Her eye followed the wings, and she saw something that excited her. On the right wing, the back of the house, really, there were four windows with bars on them. She crawled out farther, clinging to the limb, and swung her feet to the top of the wall, eased herself forward for balance, and let go. She had no idea whether she would find anything on the far side of the wall that would get her back up here if she went in, but she knew she had to go. Caution was insanity now. Jane turned around and lowered herself until she was hanging from the top of the wall by both hands, then dropped. Her feet hit a layer of pine needles, and she rolled to break her fall.

She lay on the ground and looked around her for a way out. If this was where Beale was keeping Christine, then she would have to get her out, too. By now she would either have had the baby or be about as pregnant as a woman could be. Neither condition seemed good for wall climbing. Jane was in a small pine woods. She could see that on the ground, resting on the deep layer of pine needles, was a tree about fifteen feet long that had fallen some time ago. The boughs that stuck out from the trunk at intervals of a foot or so had only a few dry, brittle needles clinging to them.

She used her pocketknife to carve off the boughs on one side of the trunk, then lifted the lighter end of it and propped it on the rim of the wall. The remaining boughs made the trunk roll to keep the bare side up. The protruding stubs from the boughs were like rungs of a ladder.

Jane began to advance through the woods toward the house. She stepped almost to the edge of the trees and studied the buildings. To her left was the long back wall of the six-car garage. Directly ahead was the main house, and close to it on the right was a pool house.

Adjusting her course, she put the pool house directly in front of her to shield her from the main house. She crossed the lawn to the pool house and looked in through the arched doorway. She saw a counter with a kitchen sink, a wooden table and chairs, a bathroom with two showers, presumably for washing the chlorine off after swimming, and another archway leading to the pool. She moved past the arch, skirted the iron fence around the pool, and made her way up to the first of the barred windows.

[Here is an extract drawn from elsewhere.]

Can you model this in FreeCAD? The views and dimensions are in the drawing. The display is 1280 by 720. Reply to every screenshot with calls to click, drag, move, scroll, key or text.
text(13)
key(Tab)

Over each window was an iron grate like a flat cage, a single piece bolted to the house. She knew that was an arrangement that had been popular in the forties and fifties, but it had become rare—maybe against building codes—in recent years because it prevented an occupant from getting out in a fire. She stepped back and stared at the house. A lot of modernist architecture was far older than it looked. This place could easily have been built in the thirties, and the bars could simply be relics.

But to Jane the bars looked like a sign of malicious intent. The old word otgont came to her. It meant more than simple evil. Witches—people who secretly had the power to cause disease and death—were otgont. It was potence, but it was also corruption, an unnatural degeneration from within.

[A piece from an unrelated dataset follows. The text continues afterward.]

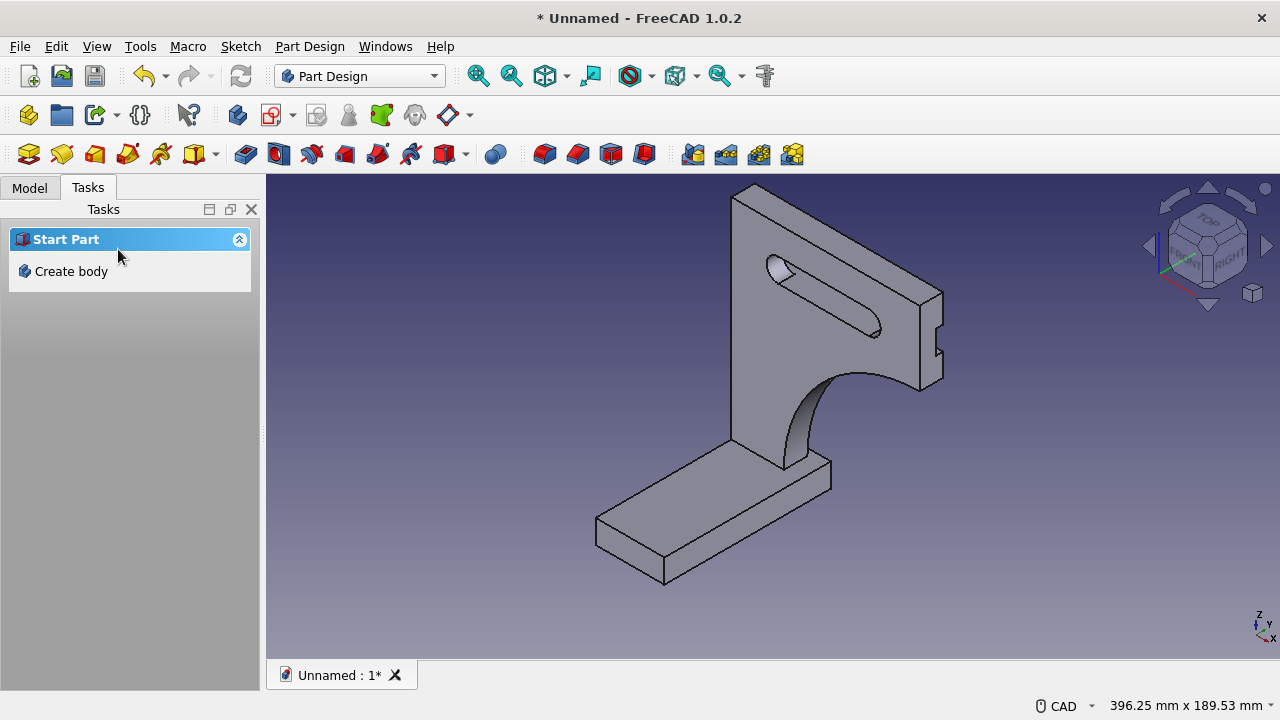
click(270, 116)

She moved to the farthest window. In all the rooms in the wing the lights were off, so she had to peer in and strain her eyes to make out shapes. This one held an empty double bed, a dresser, a closet. The entrance to the bathroom was on her left. The small, high window in there had bars across it, too. She moved to the next window. The room was nearly the same, unoccupied but furnished. Jane kept moving along the side of the house until she reached the big room at the center. She stood perfectly still outside the glass wall and stared into the room. First there was a moving shadow, and then a figure appeared on the walkway above the room. There was a woman in a bathrobe and slippers moving sleepily from one set of rooms toward the other. She stopped and turned her head, as though she had to force herself to look down.